In the field of decorative polyolefin-based sheet materials, currently substantially two structures are used. For applications and building components in which the sheet material is subjected to high stretching (for example, >200%) in downstream thermal forming processes, compact film structures which can be made up of several layers are preferably used. These materials generally have a density of >800 kg/m3 at a thickness of 0.5-3.0 mm, as a result of which the building components have a correspondingly high weight and, associated therewith, a high raw material requirement, see also U.S. Pat. No. 6,663,738.
For applications and building components in which the sheet material is subjected to low stretching (for example, <200%) in downstream thermal forming processes, sheet materials having at least one foamed layer, called foam layers, can be used. The compact cover layer can be reduced and constructed in a thickness of 0.2-0.8 mm for a density of >800 kg/m3. The foamed layer is generally constructed having a density of 20-200 kg/m3 and a thickness of 0.5-4.0 mm. The foamed layer reacts elastically to pressure stress, as a result of which pleasant haptic properties in response to pressure of the building components are achieved. Owing to the low density of the foamed layer, the weight of the building components falls, as does the raw material requirement necessary for the production.
Generally, a plastic foamed material based on a polyolefin composition is produced as follows: 5-100% by weight of one or more polyethylene-based plastics (these are understood to include polymers, the weight fraction of ethylene of which is >50% by weight) and also optionally 0-95% by weight of one or more polypropylene-based plastics (these are understood as including polymers, the weight fraction of polypropylene of which is >50% by weight) are mixed with a crosslinking agent and a chemical propellant (foaming agent) and also other process additives such as, for example, lubricants, stabilizers and pigments. A film is produced therefrom, for example, by extrusion. This film is exposed in the downstream process to a source of ionizing radiation, in such a manner that the melt strength is increased by molecular weight build up (crosslinking) in the plastic. In a subsequent heating process, using the propellant, a flat plastic foam material is obtained having a density of 20-200 kg/m3 and a thickness of 0.5-4.0 mm. The foaming process can be carried out vertically in a foam oven or horizontally, for example, in a salt bath. The above described chemically driven foam process leads to fine-celled foams having a very uniform foam cell distribution. Such foams are described, for example, in DE 102005050524 A1.

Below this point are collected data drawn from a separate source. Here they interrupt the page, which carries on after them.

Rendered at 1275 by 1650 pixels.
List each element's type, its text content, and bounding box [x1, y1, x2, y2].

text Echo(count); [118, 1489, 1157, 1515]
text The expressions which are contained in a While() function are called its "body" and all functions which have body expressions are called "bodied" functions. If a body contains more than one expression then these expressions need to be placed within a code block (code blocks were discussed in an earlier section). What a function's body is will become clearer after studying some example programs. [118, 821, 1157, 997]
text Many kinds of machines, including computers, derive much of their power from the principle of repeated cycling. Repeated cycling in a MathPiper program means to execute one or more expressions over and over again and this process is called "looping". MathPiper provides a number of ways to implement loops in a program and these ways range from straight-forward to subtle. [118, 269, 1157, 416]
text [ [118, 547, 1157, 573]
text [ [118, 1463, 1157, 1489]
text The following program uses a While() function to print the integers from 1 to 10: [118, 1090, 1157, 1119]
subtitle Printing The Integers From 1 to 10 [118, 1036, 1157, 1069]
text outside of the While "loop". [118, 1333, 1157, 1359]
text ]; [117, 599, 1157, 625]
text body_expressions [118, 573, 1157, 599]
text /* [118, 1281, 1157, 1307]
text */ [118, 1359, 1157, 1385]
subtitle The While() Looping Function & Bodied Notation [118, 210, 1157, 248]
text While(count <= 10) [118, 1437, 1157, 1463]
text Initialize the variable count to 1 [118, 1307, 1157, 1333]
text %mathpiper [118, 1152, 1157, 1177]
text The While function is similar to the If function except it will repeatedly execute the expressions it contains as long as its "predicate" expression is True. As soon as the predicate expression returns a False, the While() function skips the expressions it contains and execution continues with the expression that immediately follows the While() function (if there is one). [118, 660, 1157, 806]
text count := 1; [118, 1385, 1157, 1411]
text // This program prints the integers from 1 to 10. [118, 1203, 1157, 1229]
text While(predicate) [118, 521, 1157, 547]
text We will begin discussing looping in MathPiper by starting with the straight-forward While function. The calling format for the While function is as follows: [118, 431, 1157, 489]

The resultant plastic foam material can then be joined thermally or by adhesion to surface materials such as, for example, sheet materials based on polyolefins, PVC or polyurethanes, in such a manner that a multi-layer flat material having at least one foamed layer is formed. The surface of the multi-layer flat material can be constructed by an embossing process having a three-dimensional structure, called grain.

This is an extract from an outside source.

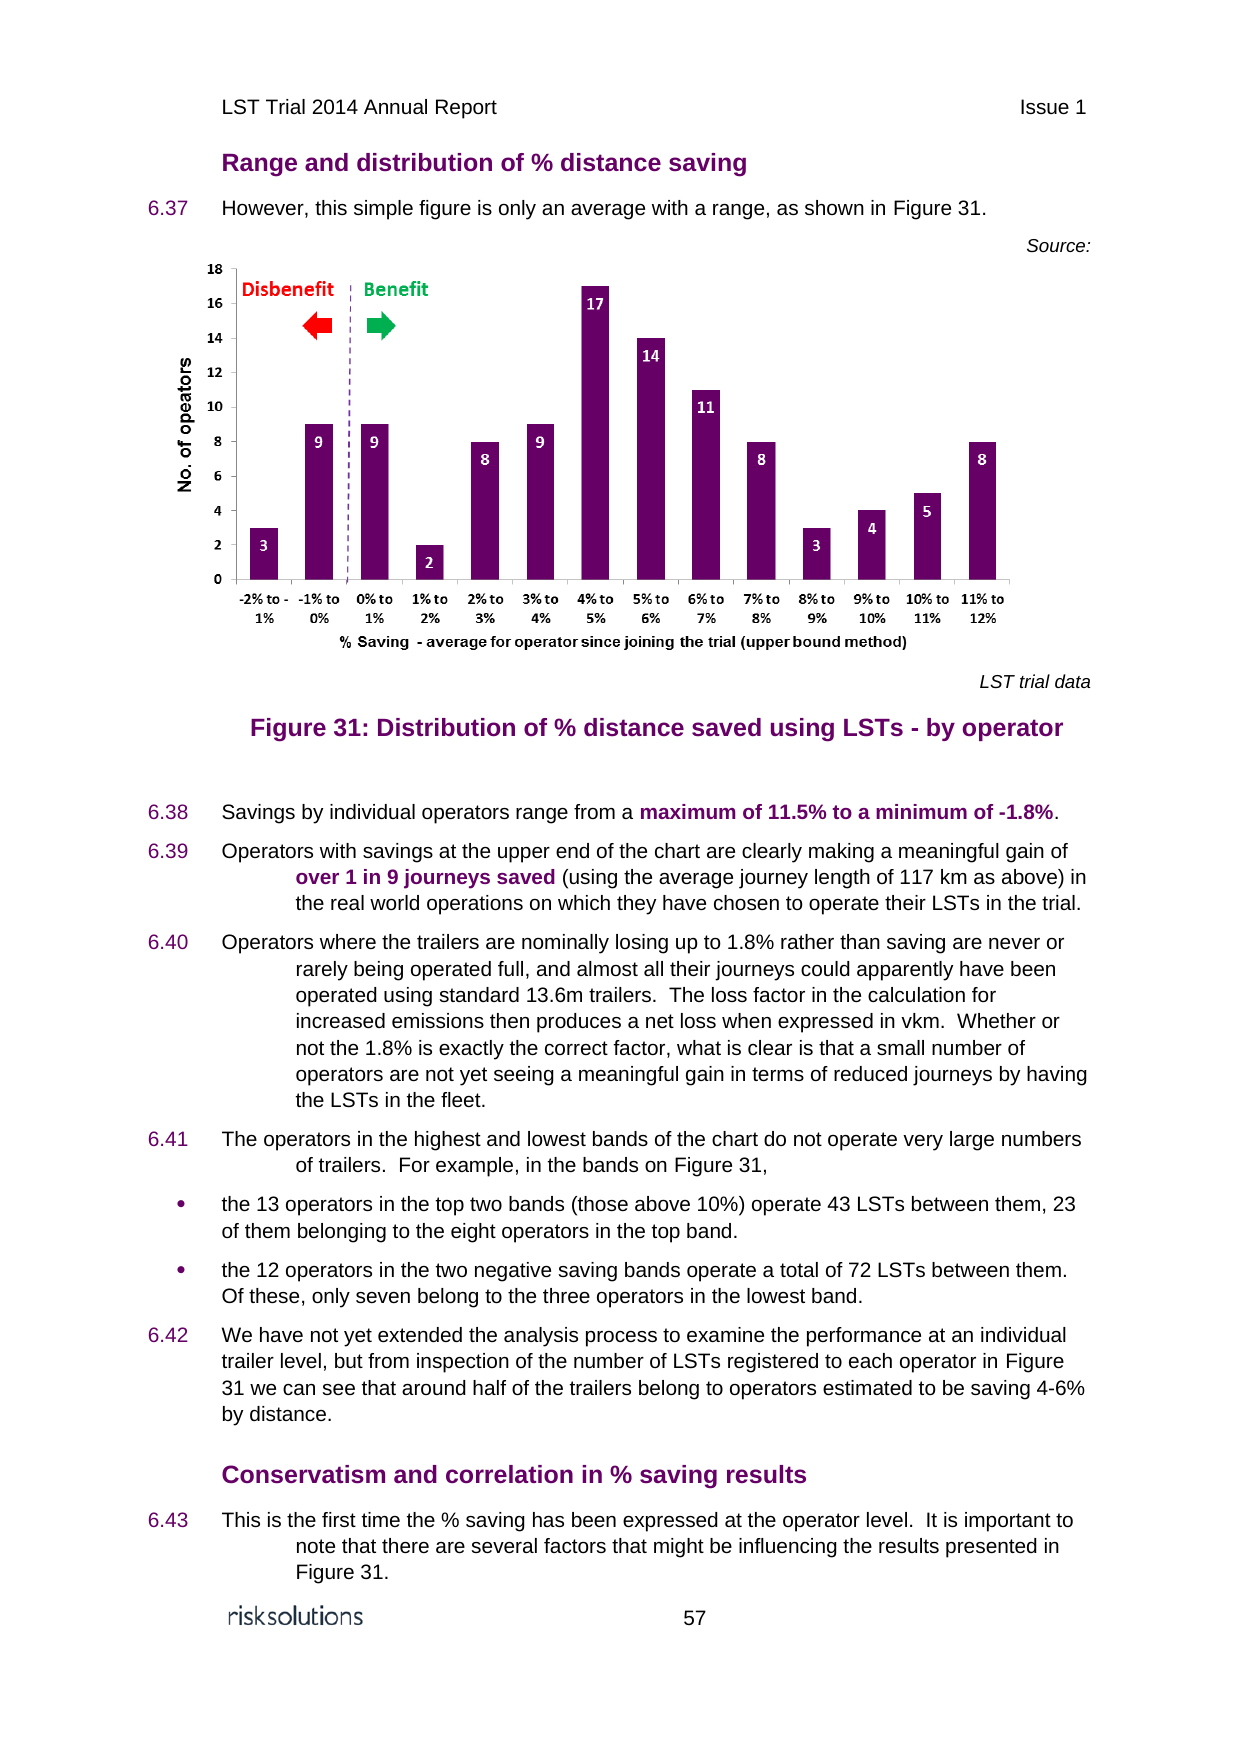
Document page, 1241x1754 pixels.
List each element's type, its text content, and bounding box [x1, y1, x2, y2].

The resultant flat material can then be brought into a desired form by processes such as thermoforming, in-mold graining or low-pressure molding. These forms or bodies are used in aircraft, railway vehicles, ships and in motor vehicles, in particular as motor vehicle interior linings or lining components.
U.S. Pat. No. 4,473,665 describes a method in which a plastic foam material based on a polyolefin composition is produced, in that the polymer mixture is loaded above the glass transition temperature with an inert gas at superatmospheric pressure and this gas-loaded melt is then expanded and cooled below the glass transition temperature. According to this method principle, a polyolefin-composition-based plastic foam material having a density of 20 kg/m3-800 kg/m3 may be generated via extrusion or an injection molding process. Sheet materials generated by this principle in the density range <100 kg/m3 generally exhibit a coarse-cell foam structure having a relatively broad cell size distribution.
The foamed polyolefin-based sheet materials generated in this manner are used, inter alia, in the building sector (for example, as footfall sound insulation in laminate floors, heat insulation of pipes, edge trims when laying floors) and in the packaging sector. Owing to the predominantly thermoplastic character of the sheet materials made by this method principle, they are unsuitable to date for the above described thermal forming process for producing three-dimensionally shaped bodies for use, for example, as motor vehicle interior linings or motor vehicle interior lining components.
Further methods for producing multi-layer plastic films are known, for example, from the publications: United States patent application publication 2010/0215934; U.S. Pat. No. 4,832,770; U.S. Pat. No. 4,892,691; EP 413912 B1; United States patent application publication 2009/0022934; JP 2001-096602 A; JP 2005-119274 A; and, U.S. Pat. No. 6,251,319.